It went like this. I’m a high school U.S. Government teacher and on day one of the 2016 school year, I was explaining that every Wednesday from here out is to be officially declared Presidential Election Wednesday, a day for teaching about the upcoming presidential election.

One of my students said,

“Oh, this oughta be interesting.  We get to talk about the election in an age of hate.”

His eyes rolled, as did the eyes of some other students in the class. Point made. These students expected Wednesdays to turn into one angry, ugly, and nasty display of political expression.

Whether today we technically live in an age of hate, I’m not qualified to say. Nor am I qualified to decide whether my students perceive the opposing sides in this year’s election to hate each other.

Yet, after  the ‘age of hate’ comment,  I wondered whether the majority of my students view the behavior of the adults in this election year much like children might typically view their parents going through an ugly divorce.

If so, what a challenge I’m going to have teaching the election this year . . . I thought to myself. In response to that self-imposed challenge, I created a four-pronged teaching strategy:

1. Establish ground rules. Draw attention to the ground rules. Repeat.

My Presidential Election Wednesday ground rules stated: “In order to create a climate for open and honest dialogue and to encourage the broadest range of viewpoints, it is important for all of you to treat each other with respect. Therefore, name calling, accusations, verbal attacks, sarcasm, and other negative exchanges (which will include eye rolling and interrupting) will be viewed as counterproductive to successful teaching and learning and will not be tolerated!”

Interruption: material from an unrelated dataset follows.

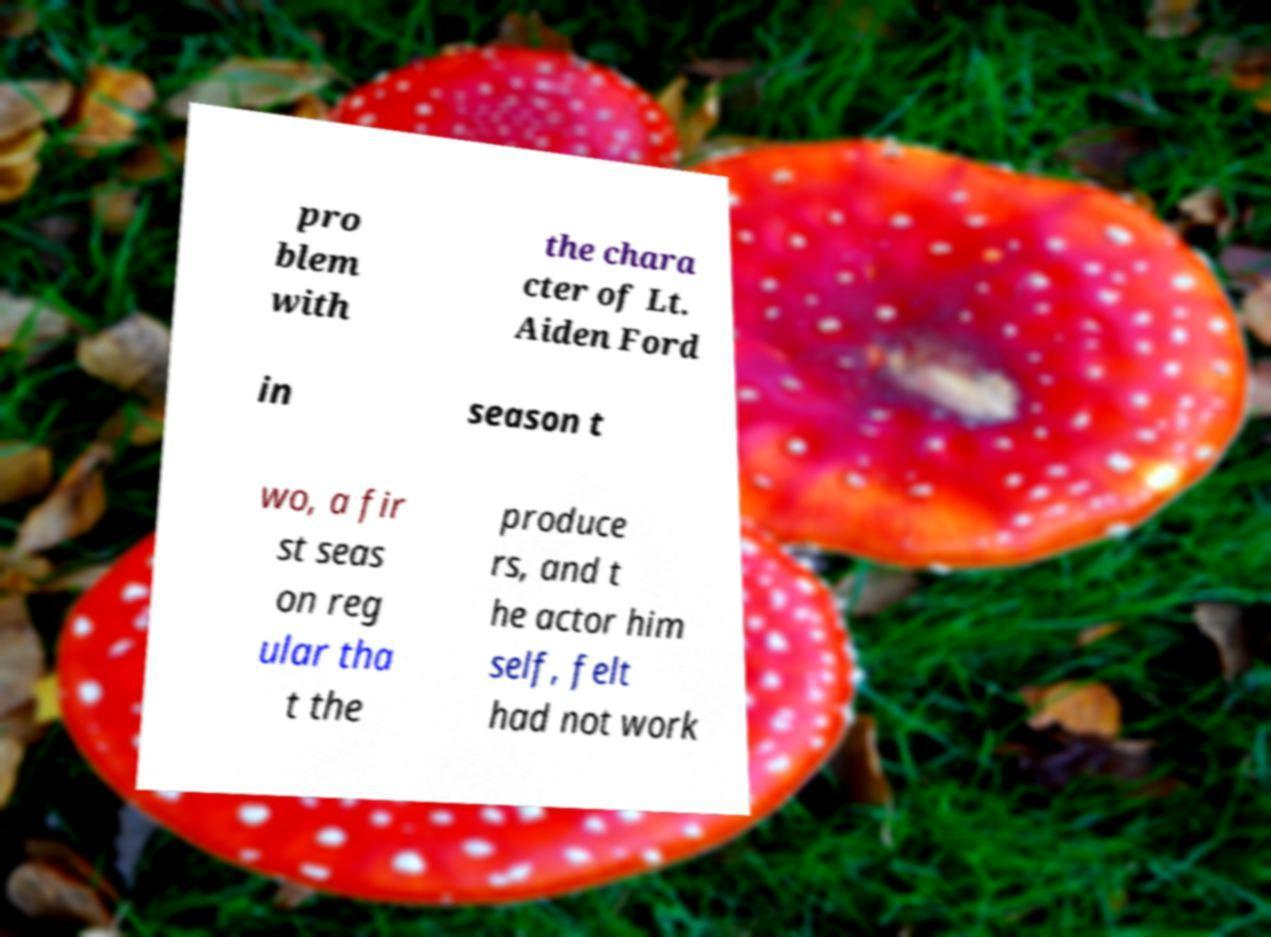Can you accurately transcribe the text from the provided image for me? pro blem with the chara cter of Lt. Aiden Ford in season t wo, a fir st seas on reg ular tha t the produce rs, and t he actor him self, felt had not work

A student created a work of art revealing what it might feel like for a young person to live in a presidential election season filled with hate – artwork that became the centerpiece of a poster which hangs in my classroom reiterating the ground rules.

2. Incorporate as many digital media projects as possible.

Into my Presidential Election Wednesday curriculum, I incorporated many different digital media projects, and especially ones the students would find interesting, informative, and engaging.

Some of the more engaging projects invited students to:

What worked best? My students especially liked the projects that called for writing letters to the next president and predicting the outcome of the presidential election.

To give your students a chance to predict the election, students can go to the PBS Learning Media’s Election Central website to:

  • Learn about the Electoral College.
  • Watch an introductory video about the presidential election process.
  • Explore an interactive timeline of all past presidential elections.

Have them predict the outcome of the Electoral College by using PBS’s new, free interactive Electoral Decoder tool, where they can "play political pundit" to see how Donald Trump, Hillary Clinton or others could win or lose this year’s election. A cartogram helps students see how a geographically large state may have a low number of electoral votes – and how a candidate could lose the electoral vote in most states and still win the presidency. Students can use the interactive map to predict the outcome of the current presidential election, save or print their maps, and share on social media.

I love that PBS provides students a way to share their Electoral College predictions. My ultimate goal is to have each student not only share on social media but also print out their predictions. The day after the election, we can compare state-by-state predictions to the actual outcome.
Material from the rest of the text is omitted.